WORK TO BE COMPLETED. Set down each line of the material that follows, exactly, with no pictures.

DATA SECTION.
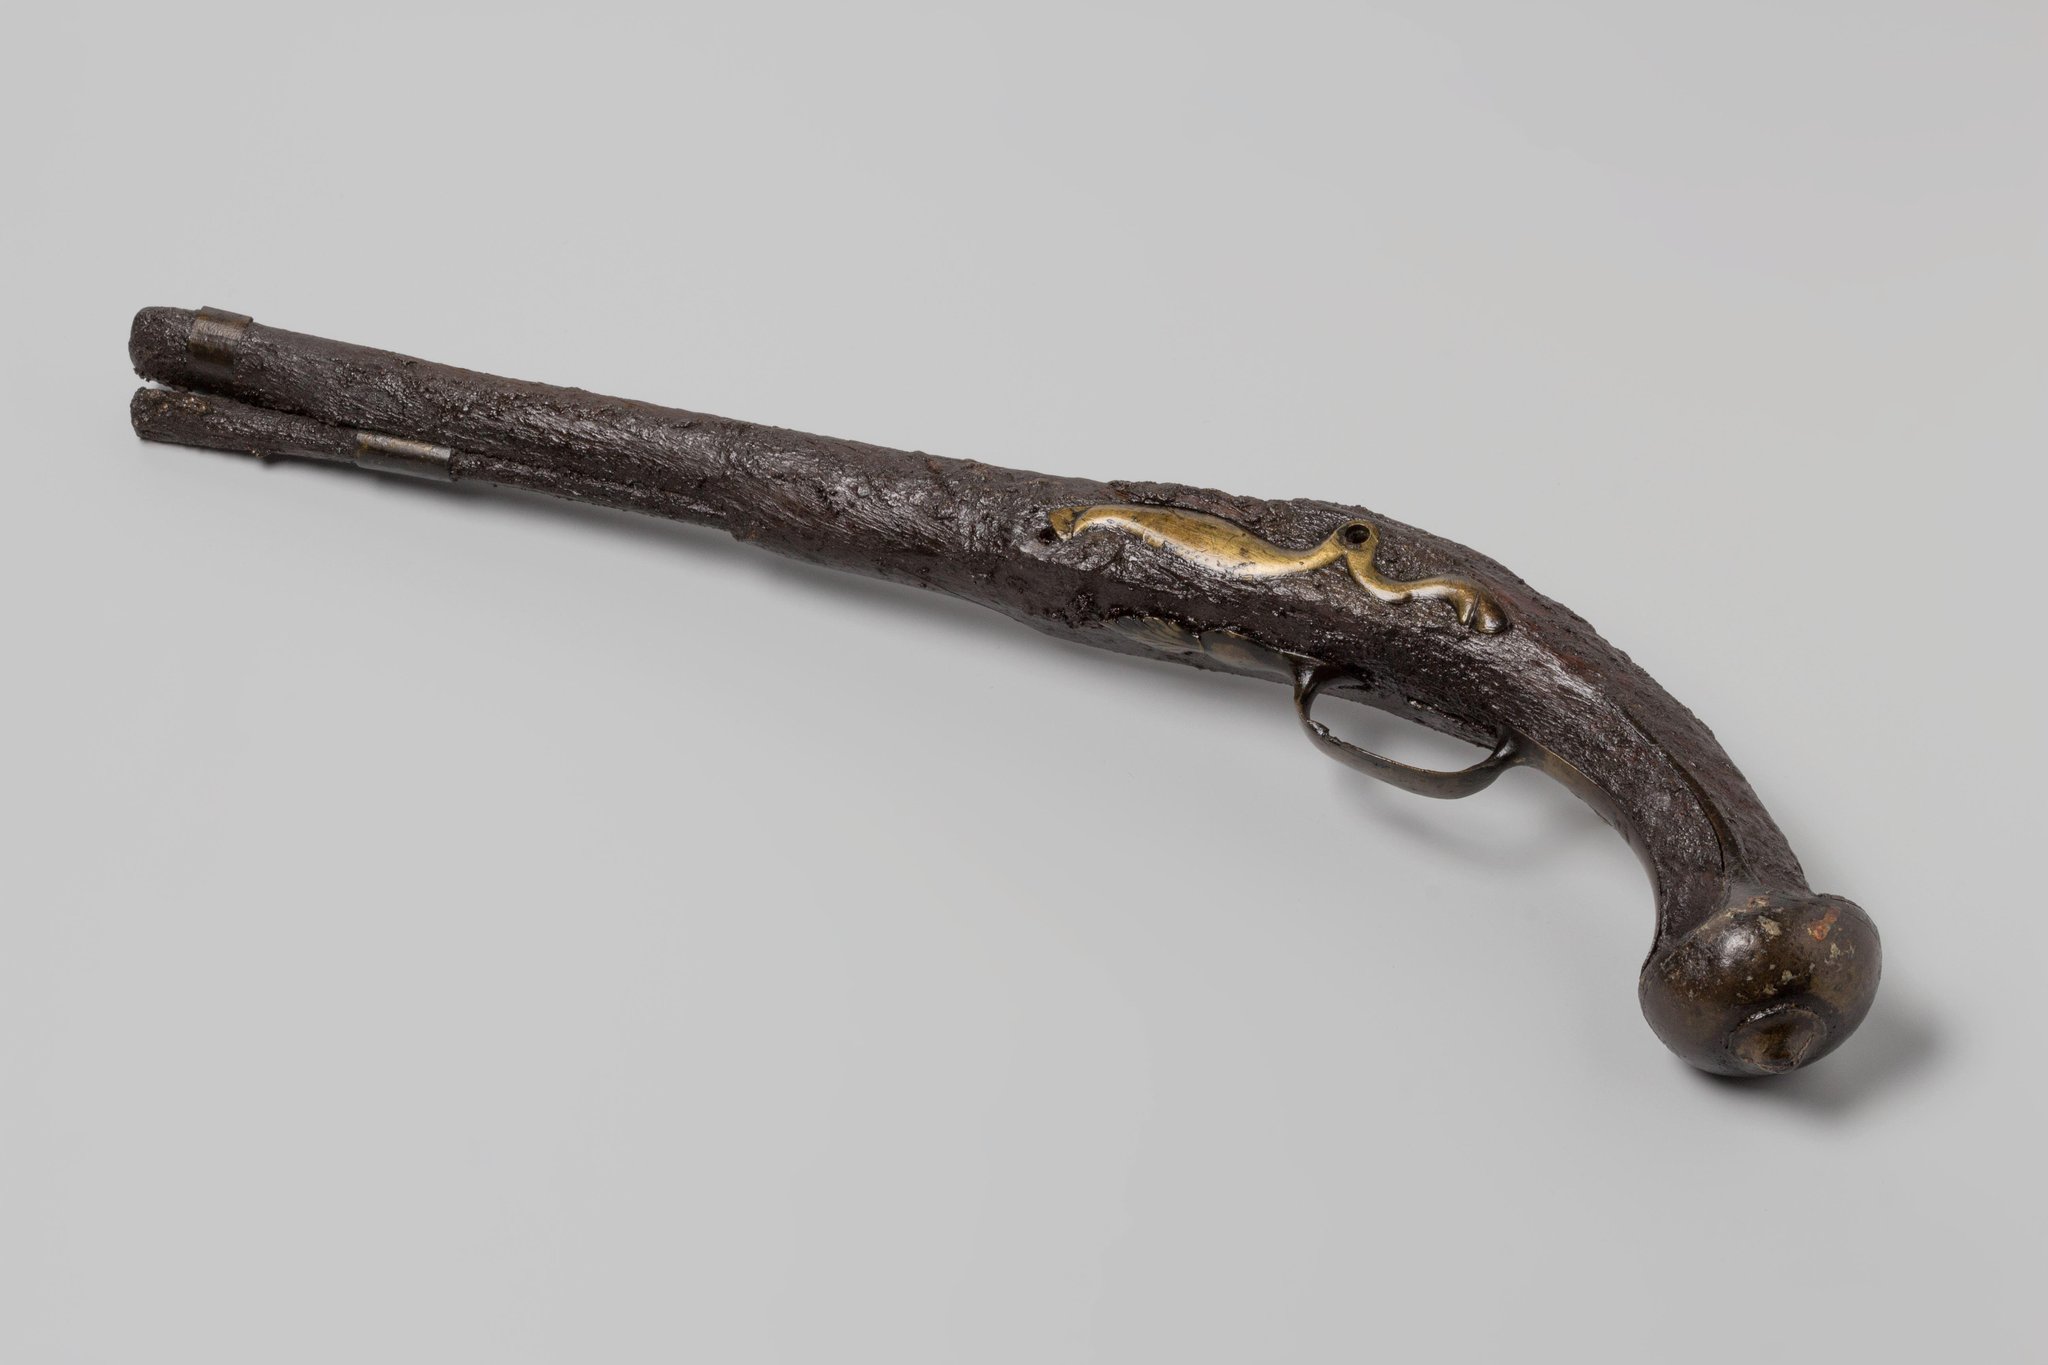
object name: pistol
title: Pistol with side plate from the wreck of the Dutch East Indiaman Hollandia
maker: Anonymous
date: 1700-1743
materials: copper, wood
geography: netherlands
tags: verenigde oostindische compagnie, hollandia (schip), annet
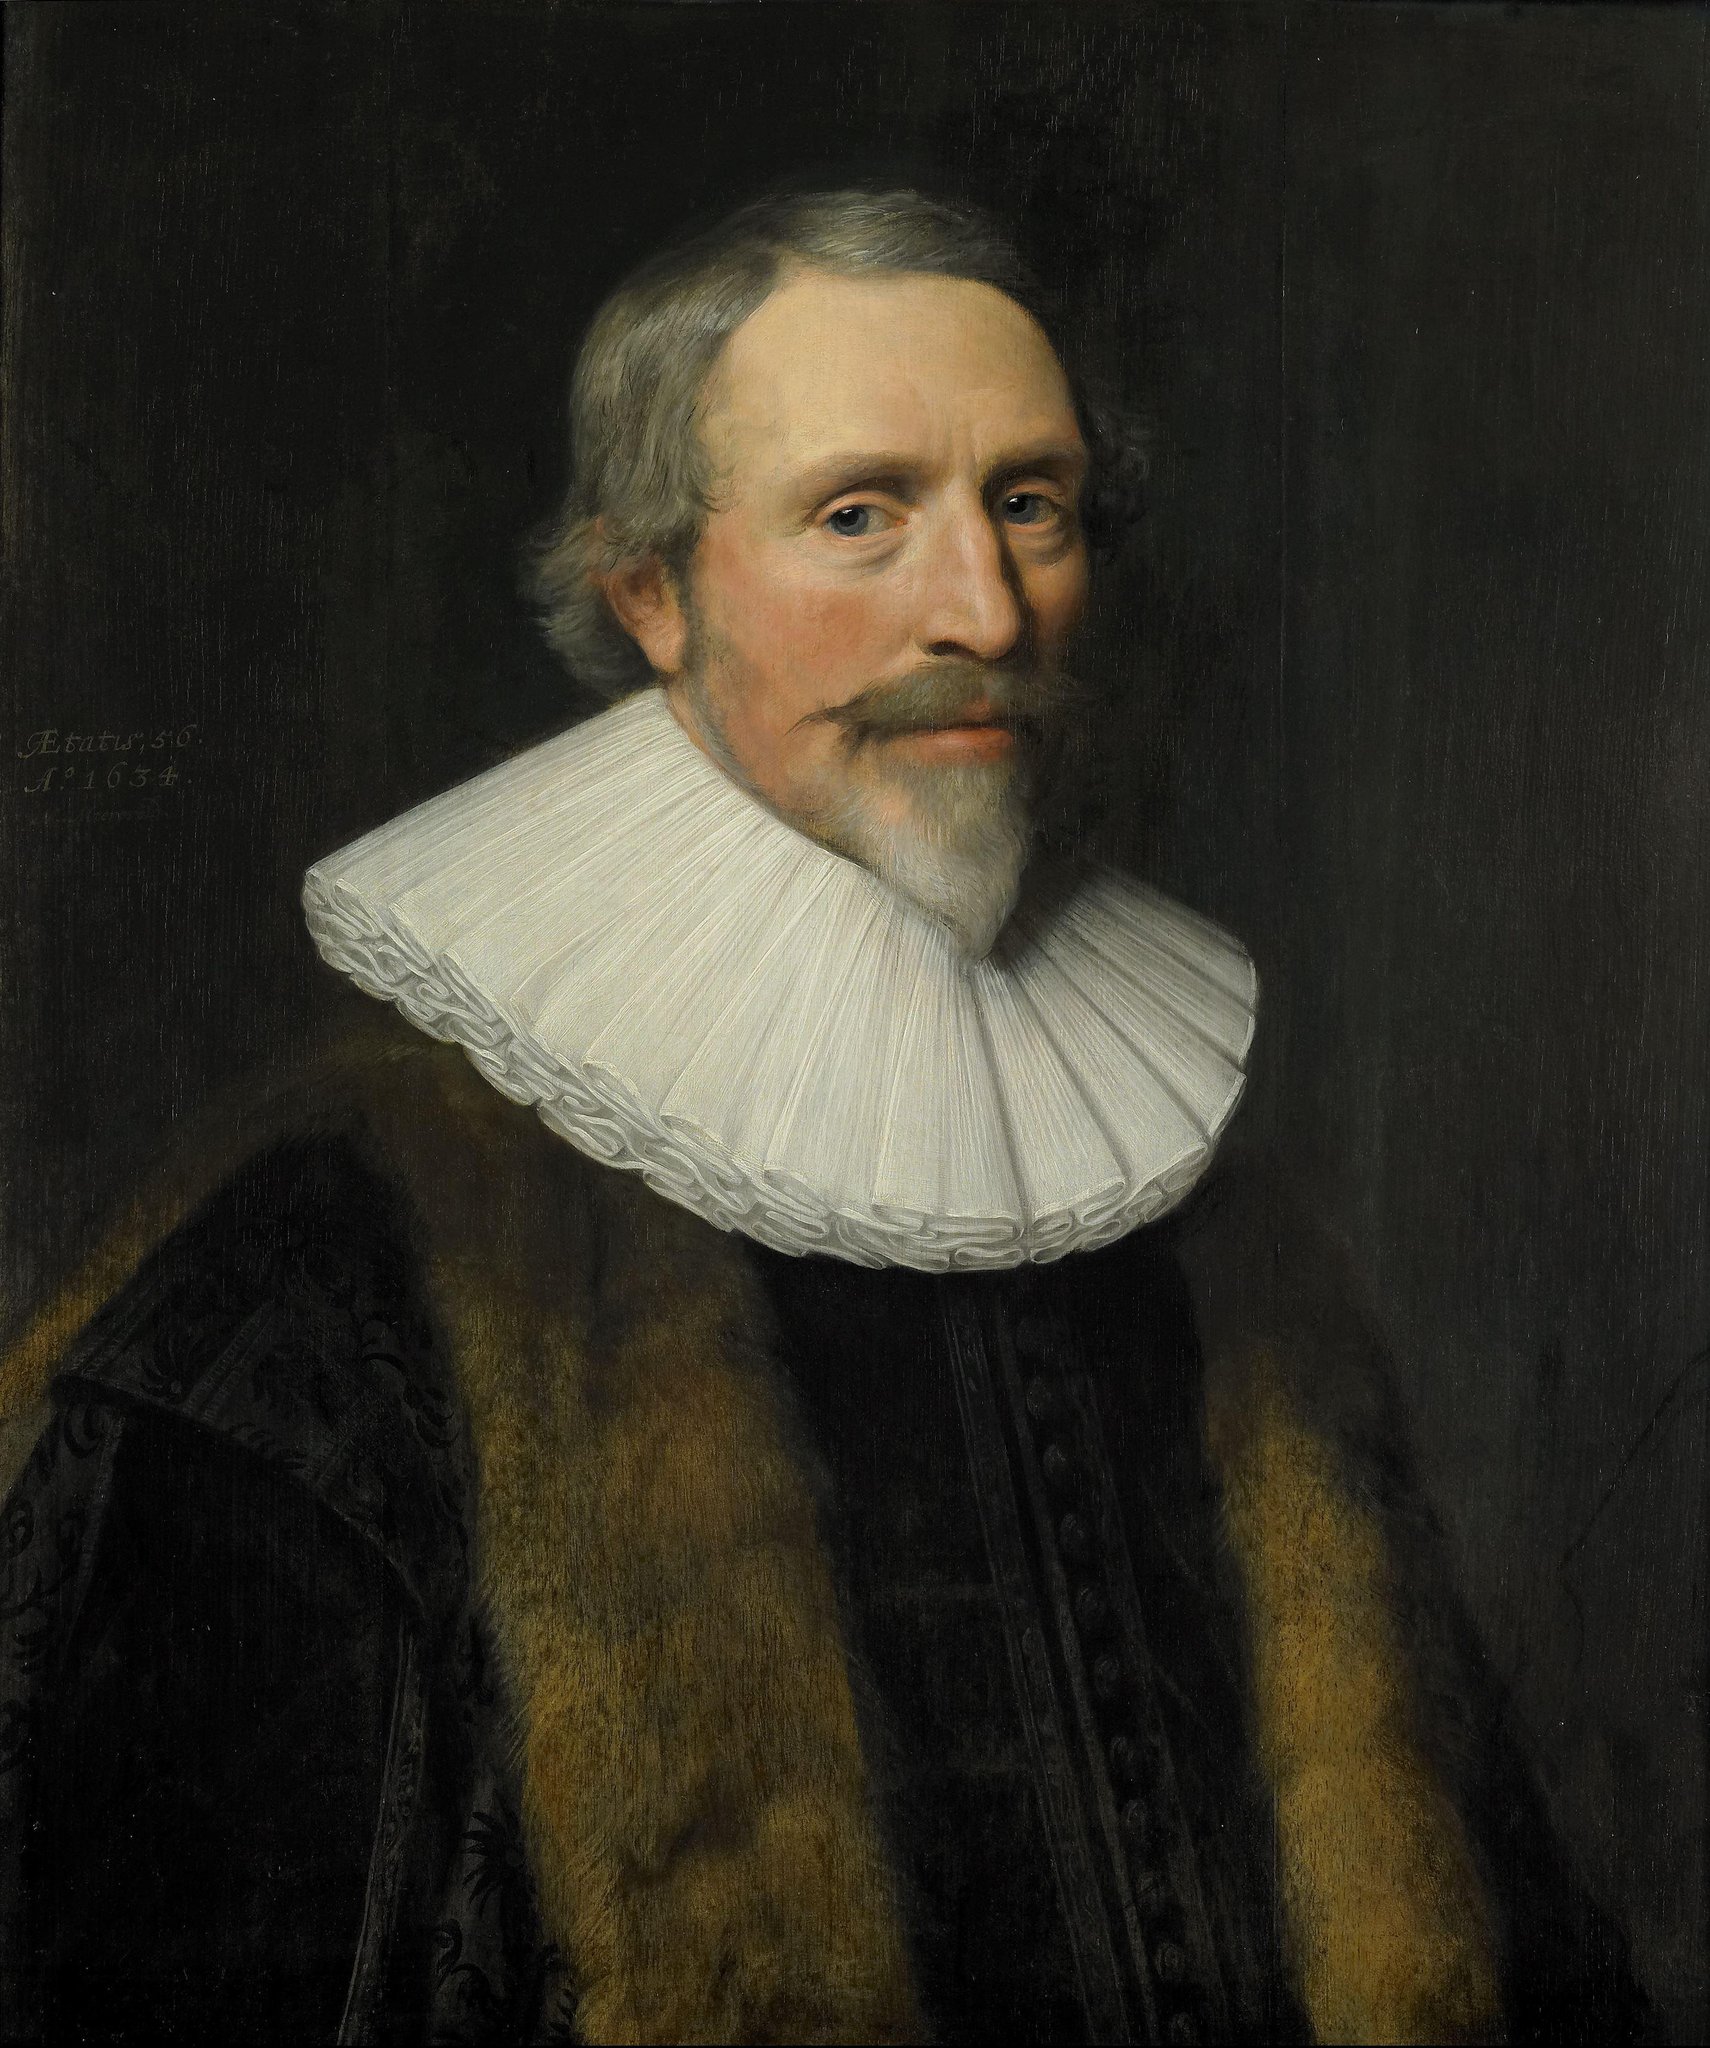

OUTPUT FOR THIS TASK.
object name: pistol
title: Pistol with side plate from the wreck of the Dutch East Indiaman Hollandia
maker: Anonymous
date: 1700-1743
materials: copper, wood
geography: netherlands
tags: verenigde oostindische compagnie, hollandia (schip), annet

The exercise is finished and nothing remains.